Over the past two weeks, I almost totally had a cessation of menopausal symptoms. By that I mean the Terribly Emotional part, the time of the Big Sweats and Hot Flashing was almost completely gone. Of course I hadn't had a period since last spring some time... and then a week ago I was revisited by Aunt Flo. I thought maybe that would be a good thing; if I am making enough estrogen (or progesterone, or WHATEVER hormone makes that happen) to do that, then maybe I won't get more sweats, hot flashes or emotional swings.
HA HA HA.
Yeah so... the past two days I have been in a constant state of soggy. Wet hair, wet clothes. It feels like I have been standing out in the misty rain (not a downpour, at least) and getting...soggy. I have to take a couple showers a day or I feel sticky and tacky and gross. I'm thirsty all the time because I'm sweating all the time. All night. All day. I have to keep a glass of water on my night table, waking up 2 or 3 times to slake the horrible dryness that I feel.

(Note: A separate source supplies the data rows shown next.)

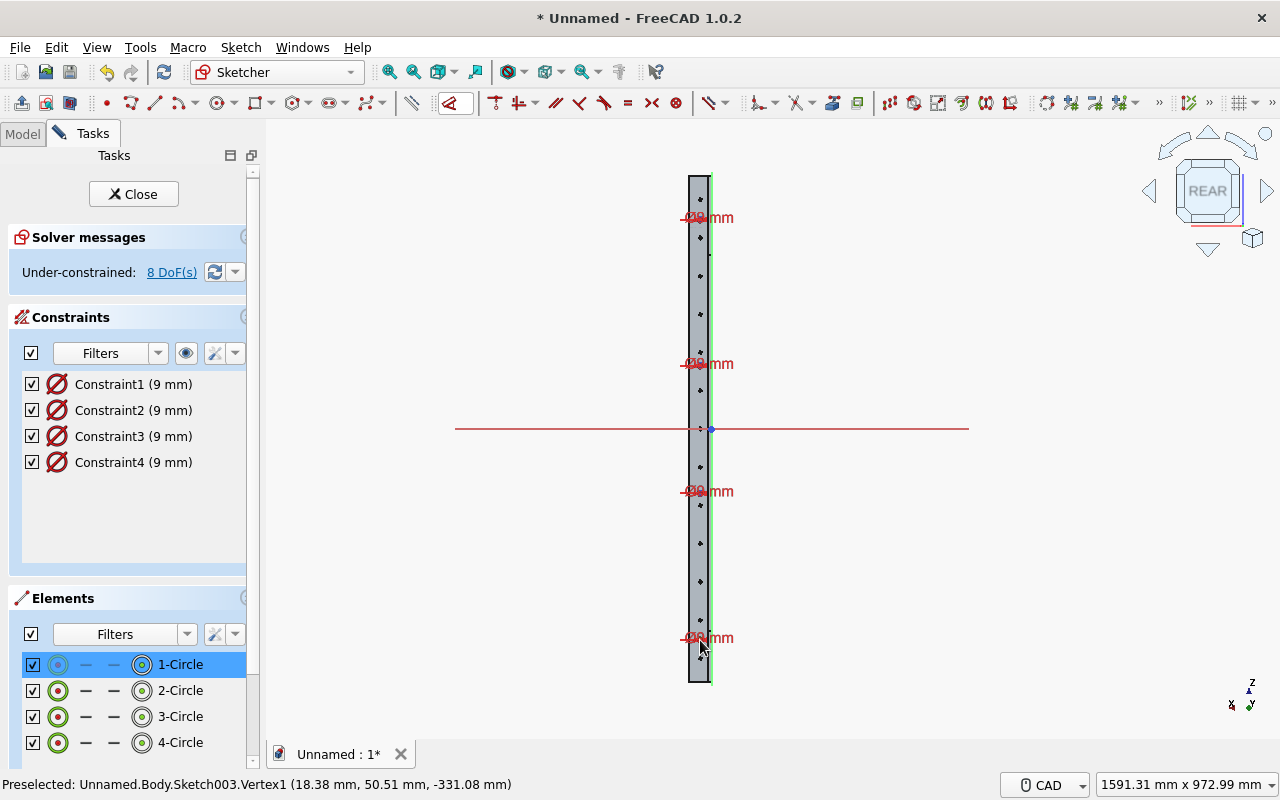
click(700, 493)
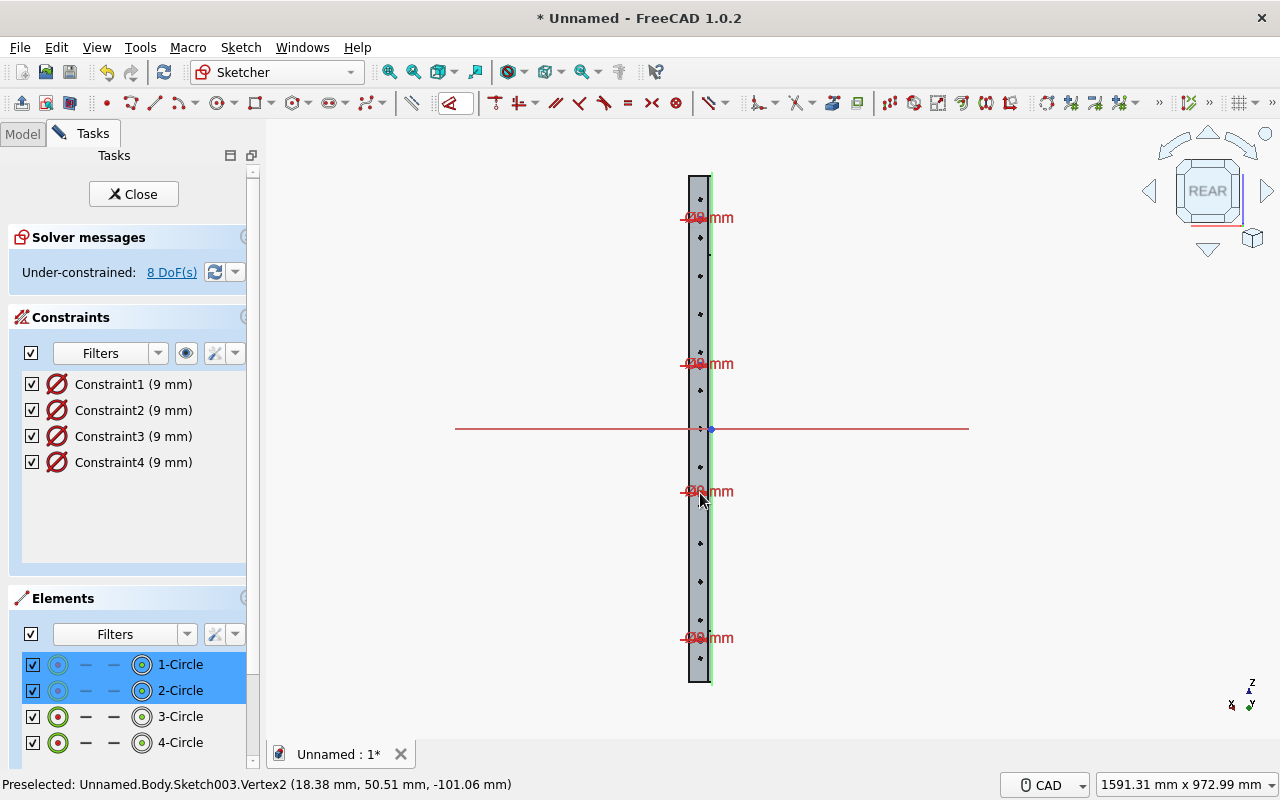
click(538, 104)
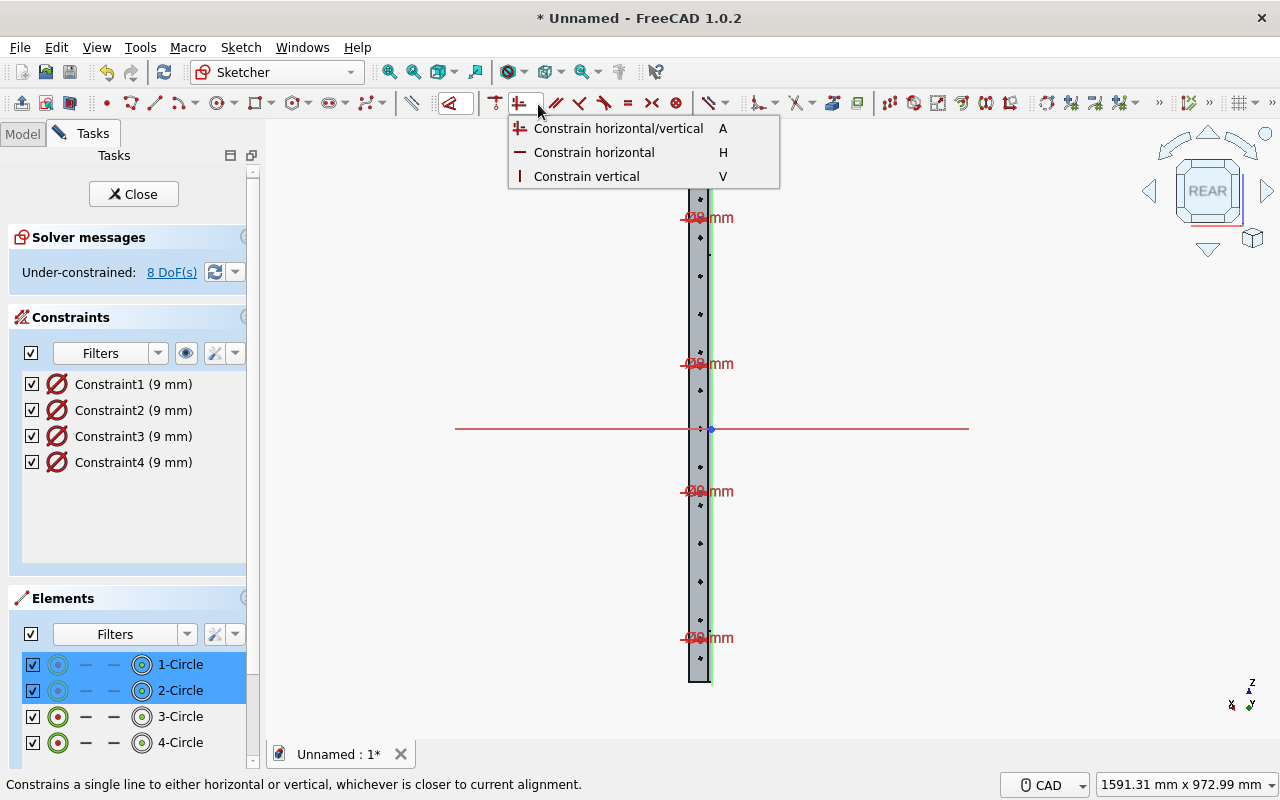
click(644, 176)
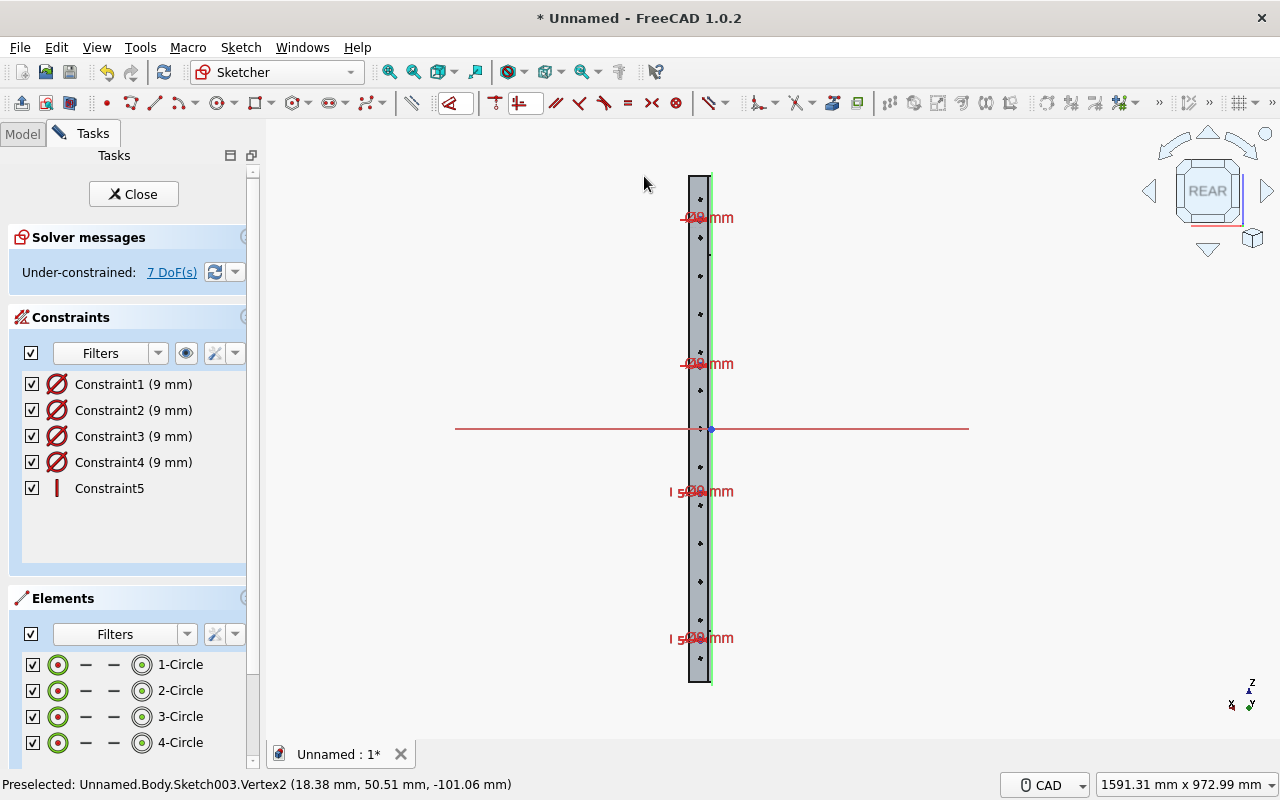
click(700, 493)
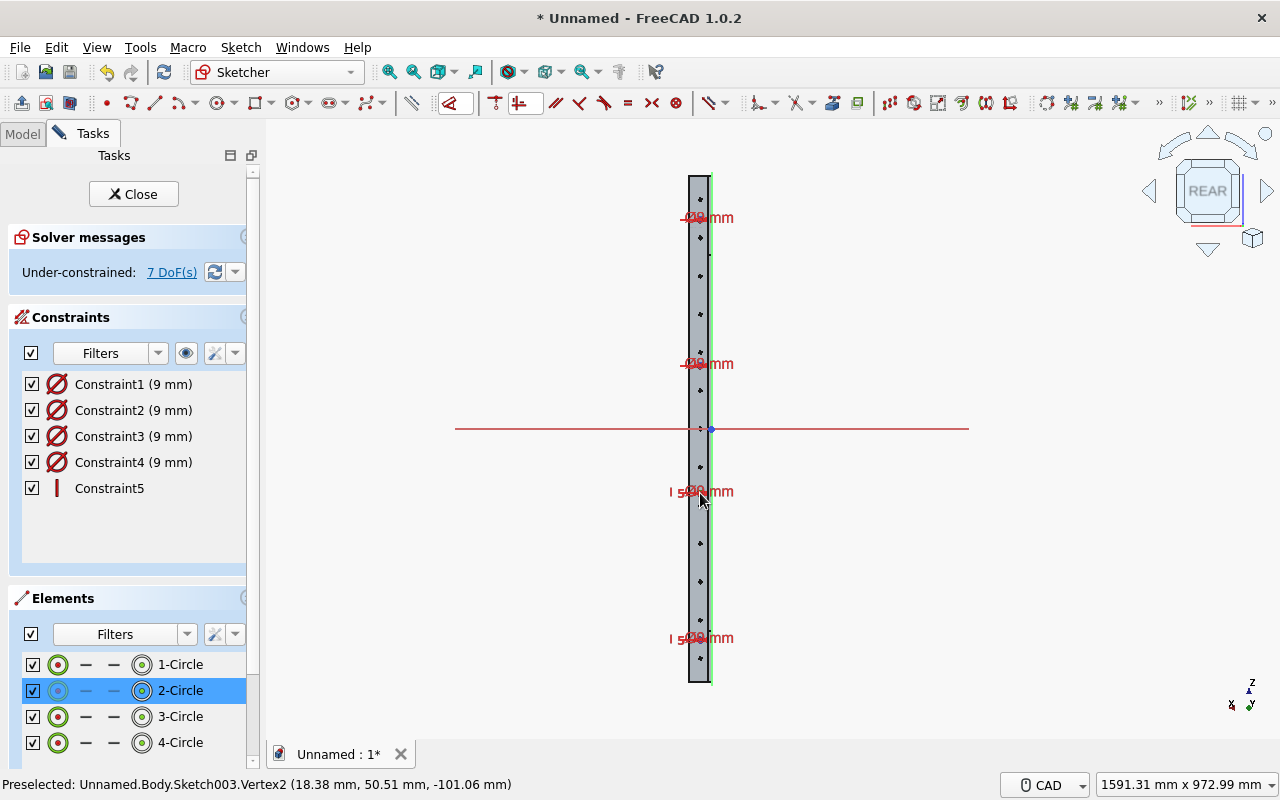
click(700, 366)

I feel angry, frustrated, disappointed, impatient, sad, disgusted... And I keep wondering... when will it all be finished? How long will these really intense symptoms last? I've never seen any other woman do what I am doing. Just... nasty wet. I have it dripping off my eyebrows, my jaw, the entire back of my head gets so wet it drips off the end of my hair. And that's when I'm SITTING STILL. If I get busy doing something...yikes. This can't be normal. Can it??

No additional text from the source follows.